Джузеппина с трудом привыкала к новой жизни. Аристократическую замашку брата носить пижаму она уже приняла, но не могла отказаться от поленты по утрам, которая как-то связывала ее с прошлым, с жизнью в бараке. – Конечно, Чезаре, никакой поленты. – Весь ее облик выражал покорность и готовность выполнить любое пожелание брата.

– Есть горячая вода? – справился брат, готовый упрекнуть ее за чрезмерную бережливость.

– Есть, есть, – поторопилась ответить Джузеппина. – Уже полчаса, как я включила нагреватель. – Ей казалось, что они живут теперь, как князья, оттого что в доме была горячая вода, ванная с водонагревателем и электрический свет во всех комнатах, который так отличался от керосиновой лампы и давал поистине сказочное освещение.
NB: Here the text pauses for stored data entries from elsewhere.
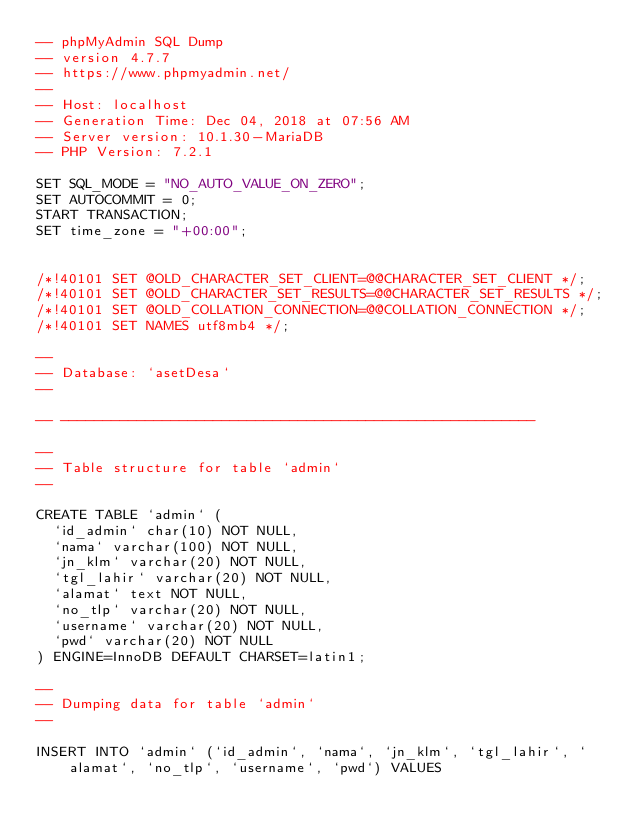Convert code to text. <code><loc_0><loc_0><loc_500><loc_500><_SQL_>-- phpMyAdmin SQL Dump
-- version 4.7.7
-- https://www.phpmyadmin.net/
--
-- Host: localhost
-- Generation Time: Dec 04, 2018 at 07:56 AM
-- Server version: 10.1.30-MariaDB
-- PHP Version: 7.2.1

SET SQL_MODE = "NO_AUTO_VALUE_ON_ZERO";
SET AUTOCOMMIT = 0;
START TRANSACTION;
SET time_zone = "+00:00";


/*!40101 SET @OLD_CHARACTER_SET_CLIENT=@@CHARACTER_SET_CLIENT */;
/*!40101 SET @OLD_CHARACTER_SET_RESULTS=@@CHARACTER_SET_RESULTS */;
/*!40101 SET @OLD_COLLATION_CONNECTION=@@COLLATION_CONNECTION */;
/*!40101 SET NAMES utf8mb4 */;

--
-- Database: `asetDesa`
--

-- --------------------------------------------------------

--
-- Table structure for table `admin`
--

CREATE TABLE `admin` (
  `id_admin` char(10) NOT NULL,
  `nama` varchar(100) NOT NULL,
  `jn_klm` varchar(20) NOT NULL,
  `tgl_lahir` varchar(20) NOT NULL,
  `alamat` text NOT NULL,
  `no_tlp` varchar(20) NOT NULL,
  `username` varchar(20) NOT NULL,
  `pwd` varchar(20) NOT NULL
) ENGINE=InnoDB DEFAULT CHARSET=latin1;

--
-- Dumping data for table `admin`
--

INSERT INTO `admin` (`id_admin`, `nama`, `jn_klm`, `tgl_lahir`, `alamat`, `no_tlp`, `username`, `pwd`) VALUES</code> 
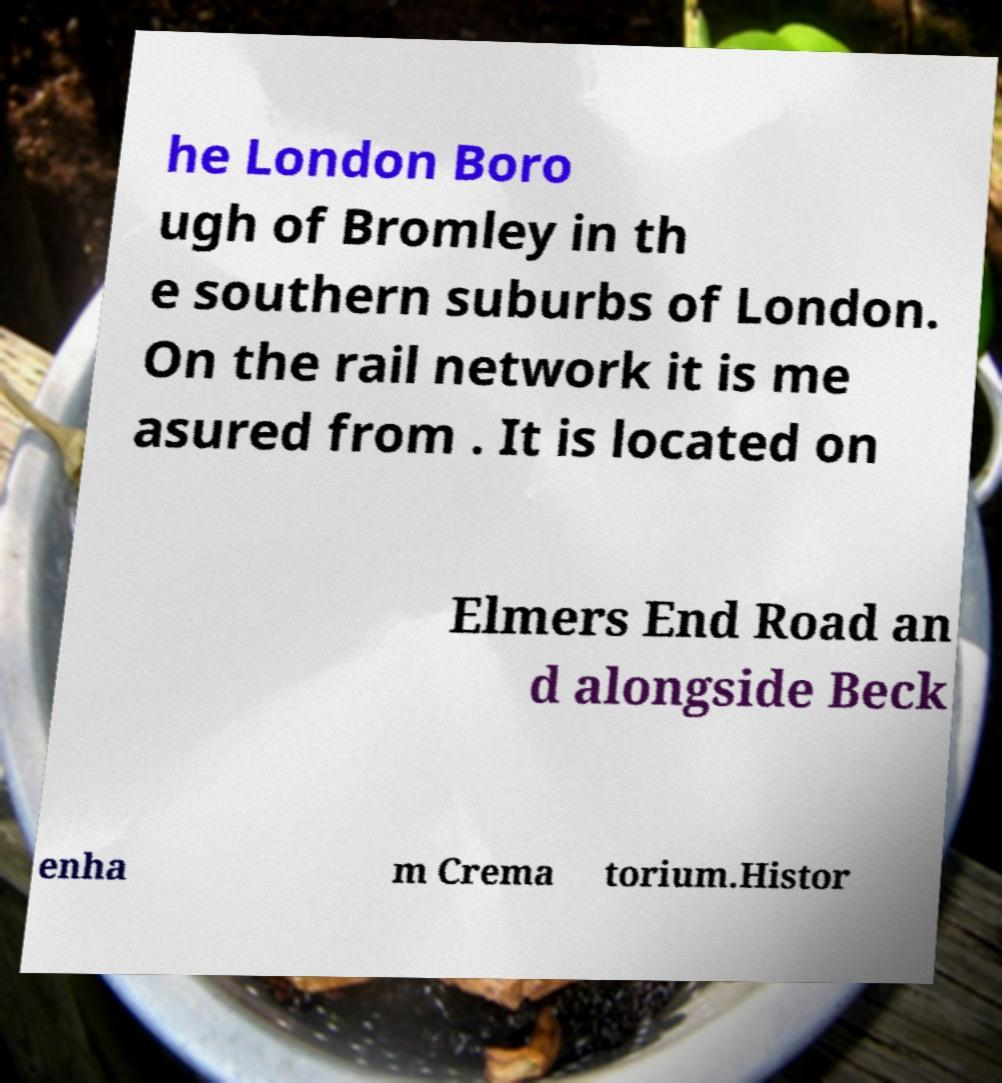Please read and relay the text visible in this image. What does it say? he London Boro ugh of Bromley in th e southern suburbs of London. On the rail network it is me asured from . It is located on Elmers End Road an d alongside Beck enha m Crema torium.Histor 
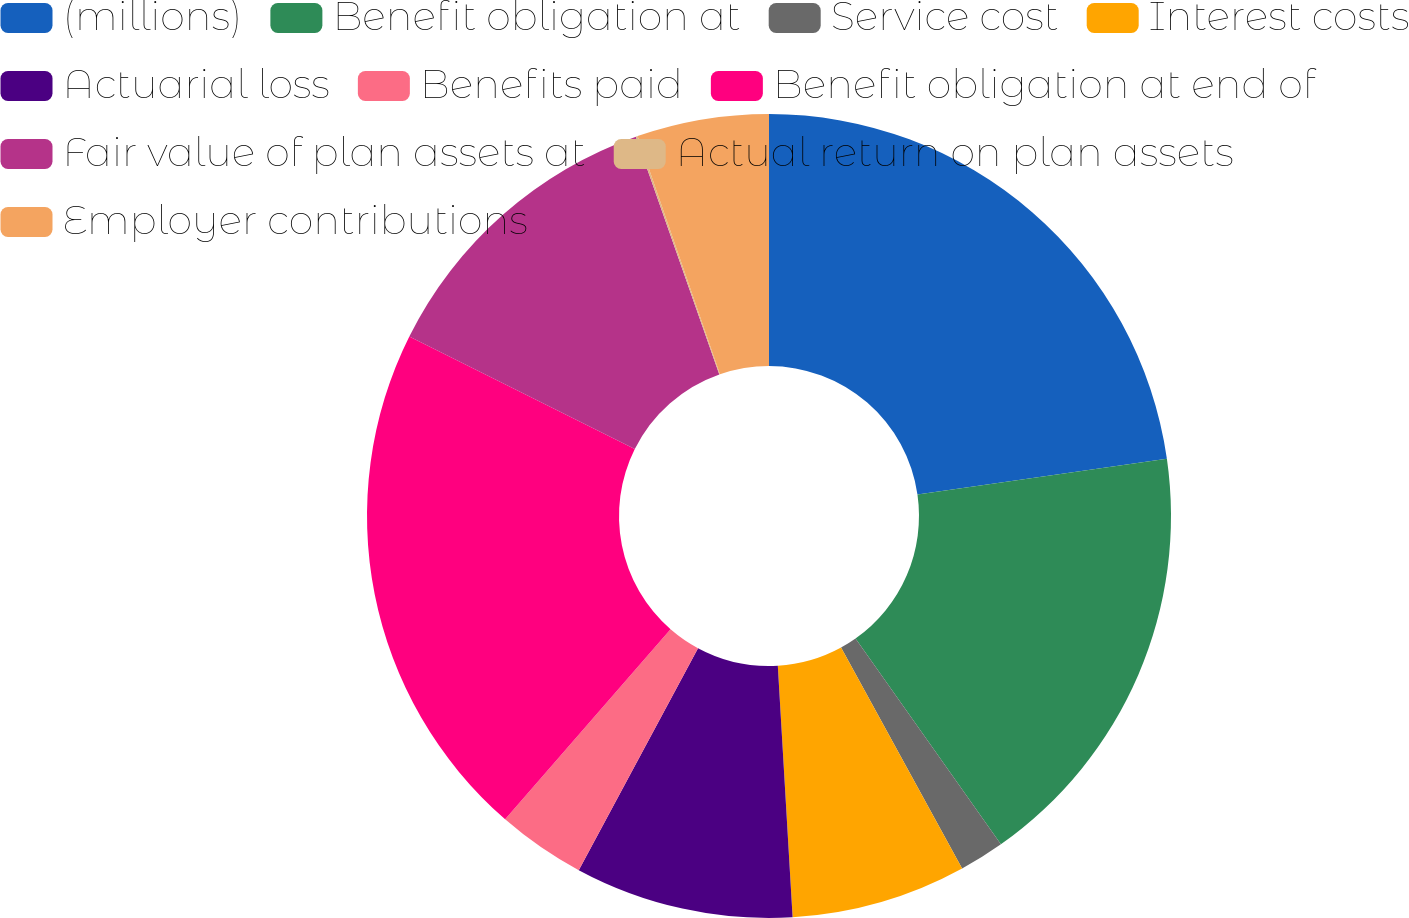Convert chart. <chart><loc_0><loc_0><loc_500><loc_500><pie_chart><fcel>(millions)<fcel>Benefit obligation at<fcel>Service cost<fcel>Interest costs<fcel>Actuarial loss<fcel>Benefits paid<fcel>Benefit obligation at end of<fcel>Fair value of plan assets at<fcel>Actual return on plan assets<fcel>Employer contributions<nl><fcel>22.72%<fcel>17.49%<fcel>1.81%<fcel>7.04%<fcel>8.78%<fcel>3.55%<fcel>20.97%<fcel>12.26%<fcel>0.07%<fcel>5.3%<nl></chart> 
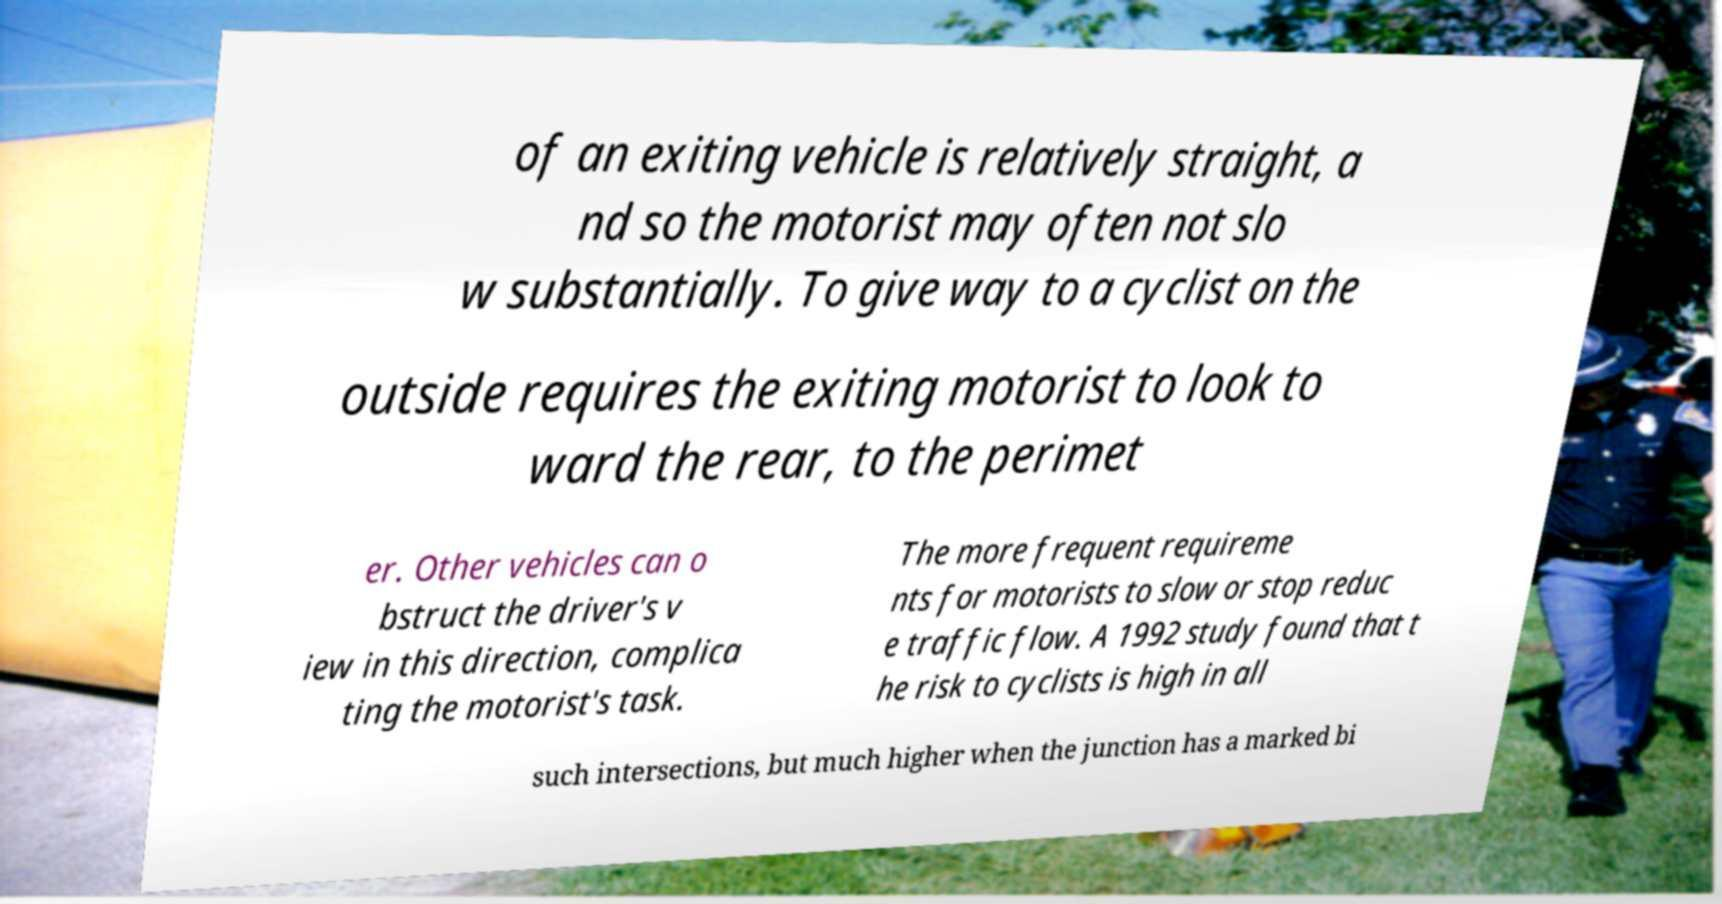Could you extract and type out the text from this image? of an exiting vehicle is relatively straight, a nd so the motorist may often not slo w substantially. To give way to a cyclist on the outside requires the exiting motorist to look to ward the rear, to the perimet er. Other vehicles can o bstruct the driver's v iew in this direction, complica ting the motorist's task. The more frequent requireme nts for motorists to slow or stop reduc e traffic flow. A 1992 study found that t he risk to cyclists is high in all such intersections, but much higher when the junction has a marked bi

Она долго не могла привыкнуть к этому чуду, которое возникало всякий раз с поворотом белого керамического выключателя, и не понимала, как это светоносный источник может бежать внутри проволоки, покрытой белым шелком и приделанной к стене маленькими изоляторами молочного цвета.

– Ты довольна новым домом? – спросил ее Чезаре.

– Как же, – ответила она. – Я живу, словно синьора. – Сестра была искренна, но эта новая комфортабельная жизнь лишила ее прежних связей, без них она чувствовала себя одиноко. Пока Чезаре был с ней, он восполнял ей общество, но, когда он уходил, ей недоставало соседей, голосов и лиц ее прежнего окружения. Запах полей, доносившийся сюда со свежим весенним ветром, лишь усиливал ее тоску. С новыми соседями и с лавочниками она обменивалась лишь приветствием: «Добрый день» и «Добрый вечер».

– Да, я и вправду довольна. – Ей хотелось произнести это так, чтобы у брата не оставалось никаких сомнений.

Чезаре выглянул в окно. По широкой мостовой проезжали повозки, двуколки, изредка проносились автомобили. Оживали многочисленные лавки. Из кузницы раздавались ритмичные удары по наковальне.

– Квартира мне нравится, – сказал Чезаре, – но это еще не то место, где я бы хотел устроиться окончательно.

Джузеппина смотрела на брата с восхищением, в то время как он потягивался, словно кот. Она пошла в ванную комнату, пустила горячую дымящуюся воду в большую белую эмалированную ванну, стоящую на четырех металлических ножках, и, когда Чезаре вошел, удалилась, опустив глаза: он ведь мужчина.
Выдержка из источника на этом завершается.